4. The method of claim 3, wherein determining the target sliding window length according to the classification accuracy corresponding to each sliding window length comprises:
and acquiring the maximum classification accuracy rate of the classification accuracy rates corresponding to the lengths of the sliding windows, and taking the length of the sliding window corresponding to the maximum classification accuracy rate as the length of the target sliding window.

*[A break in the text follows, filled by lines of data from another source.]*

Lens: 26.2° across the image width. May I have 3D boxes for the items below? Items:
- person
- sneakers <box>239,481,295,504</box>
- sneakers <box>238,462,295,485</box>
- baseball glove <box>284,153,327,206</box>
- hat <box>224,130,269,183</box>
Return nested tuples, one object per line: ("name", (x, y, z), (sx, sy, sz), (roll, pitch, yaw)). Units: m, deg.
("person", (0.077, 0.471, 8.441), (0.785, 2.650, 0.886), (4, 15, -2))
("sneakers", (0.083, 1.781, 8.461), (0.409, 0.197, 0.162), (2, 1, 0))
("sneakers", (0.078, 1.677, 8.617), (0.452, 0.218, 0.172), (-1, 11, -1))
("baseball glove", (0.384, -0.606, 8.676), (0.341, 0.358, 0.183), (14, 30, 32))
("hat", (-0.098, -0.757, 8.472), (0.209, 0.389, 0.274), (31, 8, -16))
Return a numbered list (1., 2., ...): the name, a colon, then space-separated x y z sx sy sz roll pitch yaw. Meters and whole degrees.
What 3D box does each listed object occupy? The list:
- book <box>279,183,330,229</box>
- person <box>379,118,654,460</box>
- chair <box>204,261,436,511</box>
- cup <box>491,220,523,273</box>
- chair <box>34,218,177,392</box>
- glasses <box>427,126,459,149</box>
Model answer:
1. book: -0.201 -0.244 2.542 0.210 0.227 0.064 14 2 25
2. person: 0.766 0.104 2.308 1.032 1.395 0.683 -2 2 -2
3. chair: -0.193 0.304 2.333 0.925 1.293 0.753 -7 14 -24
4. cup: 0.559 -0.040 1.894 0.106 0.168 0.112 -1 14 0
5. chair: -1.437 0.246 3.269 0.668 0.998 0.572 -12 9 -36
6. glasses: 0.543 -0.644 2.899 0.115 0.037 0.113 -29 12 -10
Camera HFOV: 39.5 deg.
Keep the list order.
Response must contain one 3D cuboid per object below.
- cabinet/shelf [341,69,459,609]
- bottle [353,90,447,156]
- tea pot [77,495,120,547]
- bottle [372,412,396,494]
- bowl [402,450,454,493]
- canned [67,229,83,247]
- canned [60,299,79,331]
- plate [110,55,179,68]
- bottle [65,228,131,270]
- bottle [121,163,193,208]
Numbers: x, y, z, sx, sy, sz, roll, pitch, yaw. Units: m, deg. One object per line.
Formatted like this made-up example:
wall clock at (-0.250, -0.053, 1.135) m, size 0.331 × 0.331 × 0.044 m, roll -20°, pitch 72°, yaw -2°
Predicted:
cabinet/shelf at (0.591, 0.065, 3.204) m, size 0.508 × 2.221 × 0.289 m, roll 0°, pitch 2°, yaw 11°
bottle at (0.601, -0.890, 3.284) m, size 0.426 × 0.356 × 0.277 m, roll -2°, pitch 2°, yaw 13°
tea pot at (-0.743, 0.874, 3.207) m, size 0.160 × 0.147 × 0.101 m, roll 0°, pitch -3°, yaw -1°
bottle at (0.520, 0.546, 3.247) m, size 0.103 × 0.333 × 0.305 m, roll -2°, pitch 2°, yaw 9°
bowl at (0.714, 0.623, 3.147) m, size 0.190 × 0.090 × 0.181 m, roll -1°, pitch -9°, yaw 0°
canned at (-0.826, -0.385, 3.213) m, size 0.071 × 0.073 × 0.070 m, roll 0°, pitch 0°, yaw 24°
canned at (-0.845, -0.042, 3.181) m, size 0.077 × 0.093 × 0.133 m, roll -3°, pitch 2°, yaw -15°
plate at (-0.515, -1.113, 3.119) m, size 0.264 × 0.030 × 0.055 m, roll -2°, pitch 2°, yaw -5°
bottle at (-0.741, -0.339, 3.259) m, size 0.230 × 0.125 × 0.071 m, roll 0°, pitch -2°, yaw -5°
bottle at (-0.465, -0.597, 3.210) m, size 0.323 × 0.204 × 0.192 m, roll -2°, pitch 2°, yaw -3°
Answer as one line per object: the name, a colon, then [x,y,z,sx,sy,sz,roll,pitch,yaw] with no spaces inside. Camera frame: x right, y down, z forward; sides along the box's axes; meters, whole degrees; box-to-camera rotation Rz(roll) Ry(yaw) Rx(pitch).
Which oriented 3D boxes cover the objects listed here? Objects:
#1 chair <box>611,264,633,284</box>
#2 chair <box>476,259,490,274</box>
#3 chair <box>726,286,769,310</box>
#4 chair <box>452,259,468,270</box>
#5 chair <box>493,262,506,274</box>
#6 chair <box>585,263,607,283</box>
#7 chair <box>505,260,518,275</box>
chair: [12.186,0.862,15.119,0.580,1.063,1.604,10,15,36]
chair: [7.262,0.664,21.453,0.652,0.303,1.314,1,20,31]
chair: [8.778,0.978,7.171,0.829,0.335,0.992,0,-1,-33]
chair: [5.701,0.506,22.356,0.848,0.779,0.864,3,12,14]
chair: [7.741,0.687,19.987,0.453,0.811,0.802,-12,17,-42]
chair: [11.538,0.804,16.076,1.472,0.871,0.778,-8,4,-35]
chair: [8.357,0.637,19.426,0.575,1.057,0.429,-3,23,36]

5. The method of claim 3, wherein determining the classification accuracy corresponding to each sliding window length according to the third subsequences and the fourth subsequences comprises:
calculating the similarity of the sorted time series contained in the first subset and the sorted time series contained in the second subset relative to the length of each sliding window according to the third subsequences and the fourth subsequences;
determining a reference class of the sorted time series contained in the second subset relative to the respective sliding window length according to a similarity of the sorted time series contained in the first subset and the sorted time series contained in the second subset relative to the respective sliding window length;
and determining the classification accuracy corresponding to each sliding window length according to the class of the classified time sequence contained in the second subset and the reference class of the classified time sequence contained in the second subset relative to each sliding window length.
6. The method of claim 5, wherein determining the reference category of the sorted time series contained in the second subset relative to the respective sliding window length according to the similarity between the sorted time series contained in the first subset and the sorted time series contained in the second subset relative to the respective sliding window length comprises:
and acquiring the maximum similarity of the classified time series contained in the first subset and the classified time series contained in the second subset relative to the lengths of the sliding windows, and taking the category of the classified time series corresponding to the maximum similarity as the reference category of the classified time series contained in the second subset relative to the lengths of the sliding windows.
7. The method of claim 5, wherein determining the classification accuracy corresponding to each sliding window length according to the class of the classified time sequence included in the second subset and the reference class of the classified time sequence included in the second subset relative to each sliding window length comprises:
determining the classification accuracy of the classified time series contained in the second subset relative to the lengths of the sliding windows according to the classes of the classified time series contained in the second subset and the reference classes of the classified time series contained in the second subset relative to the lengths of the sliding windows;
and determining the classification accuracy corresponding to each sliding window length according to the classification accuracy of the classified time sequences contained in the second subset relative to each sliding window length and the number of the classified time sequences contained in the second subset.
8. The method of claim 7, wherein determining the classification accuracy corresponding to each sliding window length according to the classification accuracy of the classified time series contained in the second subset relative to each sliding window length and the number of the classified time series contained in the second subset comprises:
and calculating the ratio of the sum of the classification accuracy of the classified time sequences contained in the second subset relative to the lengths of the sliding windows to the number of the classified time sequences contained in the second subset, and taking the ratio as the classification accuracy corresponding to the lengths of the sliding windows.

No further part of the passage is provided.